First of all, the story is basically Lolita disguised as Romeo and Juliet. The difference between Twilight and those aforementioned great works being that Twilight ends happily. (Actually I've heard that the book series ends in a pretty gross fucked-up way, but I'd like to just focus here on the adaptation of the first book, because that's all I know about.) I say Lolita because think about it: some old geezer (Edward is 99 years old, disguised as 17 and therefore damned to repeat high school over and over-- I would be brooding, too) woos and essentially kidnaps this girl who is very young, very boring, and apparently unbelievably beautiful. (I might as well note here that unlike Sue Lyon, star of Kubrick's Lolita, Kristen Stewart is actually pretty unfortunate-looking: she bears a strong resemblance to the guy from Re-Animator, and has kind of a similarly manic acting style as well.) So he takes her away from her family and friends and sort of bosses her around, all in the name of society will never accept our love and I have to protect you because you're a foolish young woman and I'm sophisticated. Only the movie seems to champion this possessive, overbearing attitude on the hero's part. Lolita is a powerful statement about how any form of tyranny can seem justified by beautiful enough rhetoric; Twilight is about the necessity of tyranny by a racially superior male over a really lame, helpless girl, and it is told in terrible, terrible, terrible prose.
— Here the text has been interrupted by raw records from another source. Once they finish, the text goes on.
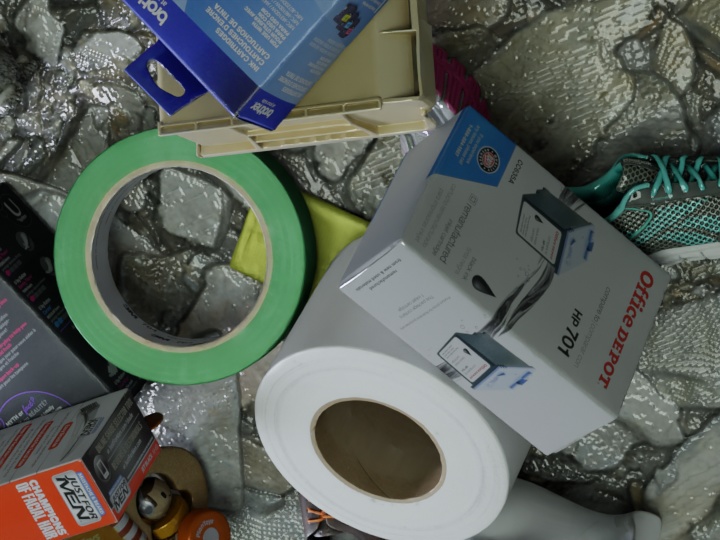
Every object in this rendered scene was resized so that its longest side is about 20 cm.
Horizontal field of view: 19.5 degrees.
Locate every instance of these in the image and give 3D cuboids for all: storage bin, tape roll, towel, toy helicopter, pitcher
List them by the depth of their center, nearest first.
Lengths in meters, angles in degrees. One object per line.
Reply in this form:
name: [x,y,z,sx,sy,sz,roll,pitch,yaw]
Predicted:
storage bin: [-0.045,-0.196,1.489,0.198,0.094,0.201,-5,83,18]
tape roll: [0.038,0.087,1.569,0.202,0.139,0.203,15,135,16]
pitcher: [0.124,0.218,1.618,0.199,0.172,0.122,4,81,13]
tape roll: [-0.136,-0.013,1.628,0.200,0.048,0.201,1,96,10]
towel: [0.000,0.000,1.647,0.200,0.018,0.086,24,111,6]
toy helicopter: [-0.204,0.198,1.695,0.079,0.200,0.133,2,109,46]

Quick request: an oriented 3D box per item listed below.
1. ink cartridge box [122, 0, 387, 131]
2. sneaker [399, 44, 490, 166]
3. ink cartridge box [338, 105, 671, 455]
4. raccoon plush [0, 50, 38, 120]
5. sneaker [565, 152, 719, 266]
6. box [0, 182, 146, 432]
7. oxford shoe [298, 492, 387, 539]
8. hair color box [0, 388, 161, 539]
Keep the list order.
ink cartridge box: [-0.070,-0.190,1.409,0.136,0.076,0.200,45,101,17]
sneaker: [0.060,-0.081,1.557,0.088,0.081,0.200,-27,102,23]
ink cartridge box: [0.103,0.008,1.463,0.200,0.147,0.086,38,140,-13]
raccoon plush: [-0.319,-0.105,1.678,0.134,0.097,0.200,-1,142,2]
sneaker: [0.223,-0.052,1.509,0.200,0.078,0.091,-25,132,22]
box: [-0.276,0.050,1.696,0.122,0.106,0.200,-39,98,26]
oxford shoe: [-0.019,0.176,1.693,0.071,0.073,0.201,-12,108,21]
hair color box: [-0.266,0.168,1.622,0.200,0.111,0.064,-20,109,23]

So then I don't need to tell you how harmful that is to the thousands of impressionable young female fans. Alicia pointed out the most metaphorically objectionable scene in the movie: When Edward and Bella first make out, Edward says, "don't move," which is a phrase I think any girl who knows shit about shit would be terrified to hear someone seriously say in a romantic situation. Then the force of their dangerous sexual attraction for some reason literally repels Edward back several feet, sending him flying from the bed to the wall. Bella, wearing nothing but a t-shirt and panties, apologizes for it.
Maybe this has been remarked on somewhere else before, but the vampire characters in Twilight are not vampires. They are angular, baseball-playing Europeans with powers and desires that fit whatever needs to happen in the storyline. They can read minds, have super-strength, and can run real fast, as Edward repeatedly demonstrates, sometimes for no other apparent reason but to be hilarious. At one point he uses it to open the car door for Bella. When the sunlight hits them, they sparkle a little bit and that's all that happens. That's why they live in the Pacific Northwest where it always rains. I'm not kidding. Bella figures out that her new B.F. is a vampire in one of those most recent of lame montage archetypes, the Google search montage, with the camera panning over phrases like "superhuman strength" and "read minds" as Bella, whose mouth is always agape anyway, stares like a dead, Re-animator-lookin'-ass carp as she learns about myths from all over the world that sort of vaguely have to do with, I guess, violence.
The Cullen clan of vampires, however, are "vegetarians" that refuse to eat humans and only hunt like deer and stuff in the woods. Their relative vegetarianism parallels Bella's actual vegetarianism. The Cullens' enemies, however, roam around and have started killing local townsfolk, which is where Edward gets off "protecting" Bella all the time. This overt push for vegetarianism is the only sort of progressive message in the story, but it also doesn't make sense to me. I mean, why shouldn't the Cullens kill and eat humans? Really. They're higher than us on the food chain, they have every right to keep us on our toes. As long as they're not, like, factory-farming us, it's only fair. There would be nothing unnatural about it.
Which I guess is what's so stupid about Meyers' idea, so obviously untainted in conception by research, of Draculas anyway. If they were really the "ultimate killing machines," as Edward puts it at one point, and also really that hot, why wouldn't they have taken over the world by now?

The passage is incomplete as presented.